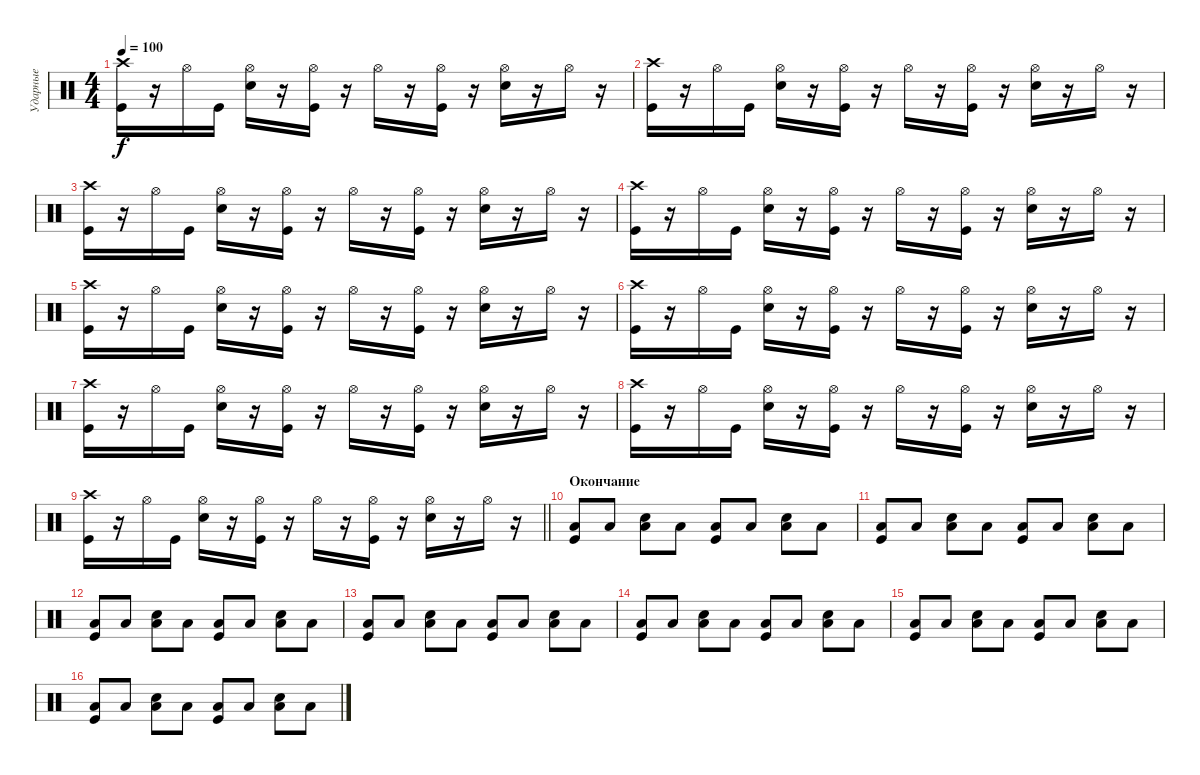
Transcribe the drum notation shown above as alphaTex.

\track ("Ударные" "Ударные") {instrument percussion}
\staff {score}
\articulation defaults
\ts (4 4)
\tempo 100
\clef neutral
\ks c
("Crash high (hit)" "Kick (hit)").16{dy f} r.16 "Hi-Hat (open)".16 "Kick (hit)".16 ("Electric Snare (hit)" "Hi-Hat (open)").16 r.16 ("Kick (hit)" "Hi-Hat (open)").16 r.16 "Hi-Hat (open)".16 r.16 ("Hi-Hat (open)" "Kick (hit)").16 r.16 ("Hi-Hat (open)" "Electric Snare (hit)").16 r.16 "Hi-Hat (open)".16 r.16 |
("Crash high (hit)" "Kick (hit)").16 r.16 "Hi-Hat (open)".16 "Kick (hit)".16 ("Electric Snare (hit)" "Hi-Hat (open)").16 r.16 ("Kick (hit)" "Hi-Hat (open)").16 r.16 "Hi-Hat (open)".16 r.16 ("Hi-Hat (open)" "Kick (hit)").16 r.16 ("Hi-Hat (open)" "Electric Snare (hit)").16 r.16 "Hi-Hat (open)".16 r.16 |
("Crash high (hit)" "Kick (hit)").16 r.16 "Hi-Hat (open)".16 "Kick (hit)".16 ("Electric Snare (hit)" "Hi-Hat (open)").16 r.16 ("Kick (hit)" "Hi-Hat (open)").16 r.16 "Hi-Hat (open)".16 r.16 ("Hi-Hat (open)" "Kick (hit)").16 r.16 ("Hi-Hat (open)" "Electric Snare (hit)").16 r.16 "Hi-Hat (open)".16 r.16 |
("Crash high (hit)" "Kick (hit)").16 r.16 "Hi-Hat (open)".16 "Kick (hit)".16 ("Electric Snare (hit)" "Hi-Hat (open)").16 r.16 ("Kick (hit)" "Hi-Hat (open)").16 r.16 "Hi-Hat (open)".16 r.16 ("Hi-Hat (open)" "Kick (hit)").16 r.16 ("Hi-Hat (open)" "Electric Snare (hit)").16 r.16 "Hi-Hat (open)".16 r.16 |
("Crash high (hit)" "Kick (hit)").16 r.16 "Hi-Hat (open)".16 "Kick (hit)".16 ("Electric Snare (hit)" "Hi-Hat (open)").16 r.16 ("Kick (hit)" "Hi-Hat (open)").16 r.16 "Hi-Hat (open)".16 r.16 ("Hi-Hat (open)" "Kick (hit)").16 r.16 ("Hi-Hat (open)" "Electric Snare (hit)").16 r.16 "Hi-Hat (open)".16 r.16 |
("Crash high (hit)" "Kick (hit)").16 r.16 "Hi-Hat (open)".16 "Kick (hit)".16 ("Electric Snare (hit)" "Hi-Hat (open)").16 r.16 ("Kick (hit)" "Hi-Hat (open)").16 r.16 "Hi-Hat (open)".16 r.16 ("Hi-Hat (open)" "Kick (hit)").16 r.16 ("Hi-Hat (open)" "Electric Snare (hit)").16 r.16 "Hi-Hat (open)".16 r.16 |
("Crash high (hit)" "Kick (hit)").16 r.16 "Hi-Hat (open)".16 "Kick (hit)".16 ("Electric Snare (hit)" "Hi-Hat (open)").16 r.16 ("Kick (hit)" "Hi-Hat (open)").16 r.16 "Hi-Hat (open)".16 r.16 ("Hi-Hat (open)" "Kick (hit)").16 r.16 ("Hi-Hat (open)" "Electric Snare (hit)").16 r.16 "Hi-Hat (open)".16 r.16 |
("Crash high (hit)" "Kick (hit)").16 r.16 "Hi-Hat (open)".16 "Kick (hit)".16 ("Electric Snare (hit)" "Hi-Hat (open)").16 r.16 ("Kick (hit)" "Hi-Hat (open)").16 r.16 "Hi-Hat (open)".16 r.16 ("Hi-Hat (open)" "Kick (hit)").16 r.16 ("Hi-Hat (open)" "Electric Snare (hit)").16 r.16 "Hi-Hat (open)".16 r.16 |
\barLineRight lightlight
("Crash high (hit)" "Kick (hit)").16 r.16 "Hi-Hat (open)".16 "Kick (hit)".16 ("Electric Snare (hit)" "Hi-Hat (open)").16 r.16 ("Kick (hit)" "Hi-Hat (open)").16 r.16 "Hi-Hat (open)".16 r.16 ("Hi-Hat (open)" "Kick (hit)").16 r.16 ("Hi-Hat (open)" "Electric Snare (hit)").16 r.16 "Hi-Hat (open)".16 r.16 |
\section ("" "Окончание")
("Low Tom (hit)" "Kick (hit)").8 "Low Tom (hit)".8 ("Snare (hit) 2" "Low Tom (hit)").8 "Low Tom (hit)".8 ("Low Tom (hit)" "Kick (hit)").8 "Low Tom (hit)".8 ("Snare (hit) 2" "Low Tom (hit)").8 "Low Tom (hit)".8 |
("Low Tom (hit)" "Kick (hit)").8 "Low Tom (hit)".8 ("Snare (hit) 2" "Low Tom (hit)").8 "Low Tom (hit)".8 ("Low Tom (hit)" "Kick (hit)").8 "Low Tom (hit)".8 ("Snare (hit) 2" "Low Tom (hit)").8 "Low Tom (hit)".8 |
("Low Tom (hit)" "Kick (hit)").8 "Low Tom (hit)".8 ("Snare (hit) 2" "Low Tom (hit)").8 "Low Tom (hit)".8 ("Low Tom (hit)" "Kick (hit)").8 "Low Tom (hit)".8 ("Snare (hit) 2" "Low Tom (hit)").8 "Low Tom (hit)".8 |
("Low Tom (hit)" "Kick (hit)").8 "Low Tom (hit)".8 ("Snare (hit) 2" "Low Tom (hit)").8 "Low Tom (hit)".8 ("Low Tom (hit)" "Kick (hit)").8 "Low Tom (hit)".8 ("Snare (hit) 2" "Low Tom (hit)").8 "Low Tom (hit)".8 |
("Low Tom (hit)" "Kick (hit)").8 "Low Tom (hit)".8 ("Snare (hit) 2" "Low Tom (hit)").8 "Low Tom (hit)".8 ("Low Tom (hit)" "Kick (hit)").8 "Low Tom (hit)".8 ("Snare (hit) 2" "Low Tom (hit)").8 "Low Tom (hit)".8 |
("Low Tom (hit)" "Kick (hit)").8 "Low Tom (hit)".8 ("Snare (hit) 2" "Low Tom (hit)").8 "Low Tom (hit)".8 ("Low Tom (hit)" "Kick (hit)").8 "Low Tom (hit)".8 ("Snare (hit) 2" "Low Tom (hit)").8 "Low Tom (hit)".8 |
("Low Tom (hit)" "Kick (hit)").8 "Low Tom (hit)".8 ("Snare (hit) 2" "Low Tom (hit)").8 "Low Tom (hit)".8 ("Low Tom (hit)" "Kick (hit)").8 "Low Tom (hit)".8 ("Snare (hit) 2" "Low Tom (hit)").8 "Low Tom (hit)".8

******

[Required work]
Where a picture appears in the listing above, skip it and set down all the rest exactly.

[Task solution]
Transcribe the drum notation shown above as alphaTex.

\track ("Ударные" "Ударные") {instrument percussion}
\staff {score}
\articulation defaults
\ts (4 4)
\tempo 100
\clef neutral
\ks c
("Crash high (hit)" "Kick (hit)").16{dy f} r.16 "Hi-Hat (open)".16 "Kick (hit)".16 ("Electric Snare (hit)" "Hi-Hat (open)").16 r.16 ("Kick (hit)" "Hi-Hat (open)").16 r.16 "Hi-Hat (open)".16 r.16 ("Hi-Hat (open)" "Kick (hit)").16 r.16 ("Hi-Hat (open)" "Electric Snare (hit)").16 r.16 "Hi-Hat (open)".16 r.16 |
("Crash high (hit)" "Kick (hit)").16 r.16 "Hi-Hat (open)".16 "Kick (hit)".16 ("Electric Snare (hit)" "Hi-Hat (open)").16 r.16 ("Kick (hit)" "Hi-Hat (open)").16 r.16 "Hi-Hat (open)".16 r.16 ("Hi-Hat (open)" "Kick (hit)").16 r.16 ("Hi-Hat (open)" "Electric Snare (hit)").16 r.16 "Hi-Hat (open)".16 r.16 |
("Crash high (hit)" "Kick (hit)").16 r.16 "Hi-Hat (open)".16 "Kick (hit)".16 ("Electric Snare (hit)" "Hi-Hat (open)").16 r.16 ("Kick (hit)" "Hi-Hat (open)").16 r.16 "Hi-Hat (open)".16 r.16 ("Hi-Hat (open)" "Kick (hit)").16 r.16 ("Hi-Hat (open)" "Electric Snare (hit)").16 r.16 "Hi-Hat (open)".16 r.16 |
("Crash high (hit)" "Kick (hit)").16 r.16 "Hi-Hat (open)".16 "Kick (hit)".16 ("Electric Snare (hit)" "Hi-Hat (open)").16 r.16 ("Kick (hit)" "Hi-Hat (open)").16 r.16 "Hi-Hat (open)".16 r.16 ("Hi-Hat (open)" "Kick (hit)").16 r.16 ("Hi-Hat (open)" "Electric Snare (hit)").16 r.16 "Hi-Hat (open)".16 r.16 |
("Crash high (hit)" "Kick (hit)").16 r.16 "Hi-Hat (open)".16 "Kick (hit)".16 ("Electric Snare (hit)" "Hi-Hat (open)").16 r.16 ("Kick (hit)" "Hi-Hat (open)").16 r.16 "Hi-Hat (open)".16 r.16 ("Hi-Hat (open)" "Kick (hit)").16 r.16 ("Hi-Hat (open)" "Electric Snare (hit)").16 r.16 "Hi-Hat (open)".16 r.16 |
("Crash high (hit)" "Kick (hit)").16 r.16 "Hi-Hat (open)".16 "Kick (hit)".16 ("Electric Snare (hit)" "Hi-Hat (open)").16 r.16 ("Kick (hit)" "Hi-Hat (open)").16 r.16 "Hi-Hat (open)".16 r.16 ("Hi-Hat (open)" "Kick (hit)").16 r.16 ("Hi-Hat (open)" "Electric Snare (hit)").16 r.16 "Hi-Hat (open)".16 r.16 |
("Crash high (hit)" "Kick (hit)").16 r.16 "Hi-Hat (open)".16 "Kick (hit)".16 ("Electric Snare (hit)" "Hi-Hat (open)").16 r.16 ("Kick (hit)" "Hi-Hat (open)").16 r.16 "Hi-Hat (open)".16 r.16 ("Hi-Hat (open)" "Kick (hit)").16 r.16 ("Hi-Hat (open)" "Electric Snare (hit)").16 r.16 "Hi-Hat (open)".16 r.16 |
("Crash high (hit)" "Kick (hit)").16 r.16 "Hi-Hat (open)".16 "Kick (hit)".16 ("Electric Snare (hit)" "Hi-Hat (open)").16 r.16 ("Kick (hit)" "Hi-Hat (open)").16 r.16 "Hi-Hat (open)".16 r.16 ("Hi-Hat (open)" "Kick (hit)").16 r.16 ("Hi-Hat (open)" "Electric Snare (hit)").16 r.16 "Hi-Hat (open)".16 r.16 |
\barLineRight lightlight
("Crash high (hit)" "Kick (hit)").16 r.16 "Hi-Hat (open)".16 "Kick (hit)".16 ("Electric Snare (hit)" "Hi-Hat (open)").16 r.16 ("Kick (hit)" "Hi-Hat (open)").16 r.16 "Hi-Hat (open)".16 r.16 ("Hi-Hat (open)" "Kick (hit)").16 r.16 ("Hi-Hat (open)" "Electric Snare (hit)").16 r.16 "Hi-Hat (open)".16 r.16 |
\section ("" "Окончание")
("Low Tom (hit)" "Kick (hit)").8 "Low Tom (hit)".8 ("Snare (hit) 2" "Low Tom (hit)").8 "Low Tom (hit)".8 ("Low Tom (hit)" "Kick (hit)").8 "Low Tom (hit)".8 ("Snare (hit) 2" "Low Tom (hit)").8 "Low Tom (hit)".8 |
("Low Tom (hit)" "Kick (hit)").8 "Low Tom (hit)".8 ("Snare (hit) 2" "Low Tom (hit)").8 "Low Tom (hit)".8 ("Low Tom (hit)" "Kick (hit)").8 "Low Tom (hit)".8 ("Snare (hit) 2" "Low Tom (hit)").8 "Low Tom (hit)".8 |
("Low Tom (hit)" "Kick (hit)").8 "Low Tom (hit)".8 ("Snare (hit) 2" "Low Tom (hit)").8 "Low Tom (hit)".8 ("Low Tom (hit)" "Kick (hit)").8 "Low Tom (hit)".8 ("Snare (hit) 2" "Low Tom (hit)").8 "Low Tom (hit)".8 |
("Low Tom (hit)" "Kick (hit)").8 "Low Tom (hit)".8 ("Snare (hit) 2" "Low Tom (hit)").8 "Low Tom (hit)".8 ("Low Tom (hit)" "Kick (hit)").8 "Low Tom (hit)".8 ("Snare (hit) 2" "Low Tom (hit)").8 "Low Tom (hit)".8 |
("Low Tom (hit)" "Kick (hit)").8 "Low Tom (hit)".8 ("Snare (hit) 2" "Low Tom (hit)").8 "Low Tom (hit)".8 ("Low Tom (hit)" "Kick (hit)").8 "Low Tom (hit)".8 ("Snare (hit) 2" "Low Tom (hit)").8 "Low Tom (hit)".8 |
("Low Tom (hit)" "Kick (hit)").8 "Low Tom (hit)".8 ("Snare (hit) 2" "Low Tom (hit)").8 "Low Tom (hit)".8 ("Low Tom (hit)" "Kick (hit)").8 "Low Tom (hit)".8 ("Snare (hit) 2" "Low Tom (hit)").8 "Low Tom (hit)".8 |
("Low Tom (hit)" "Kick (hit)").8 "Low Tom (hit)".8 ("Snare (hit) 2" "Low Tom (hit)").8 "Low Tom (hit)".8 ("Low Tom (hit)" "Kick (hit)").8 "Low Tom (hit)".8 ("Snare (hit) 2" "Low Tom (hit)").8 "Low Tom (hit)".8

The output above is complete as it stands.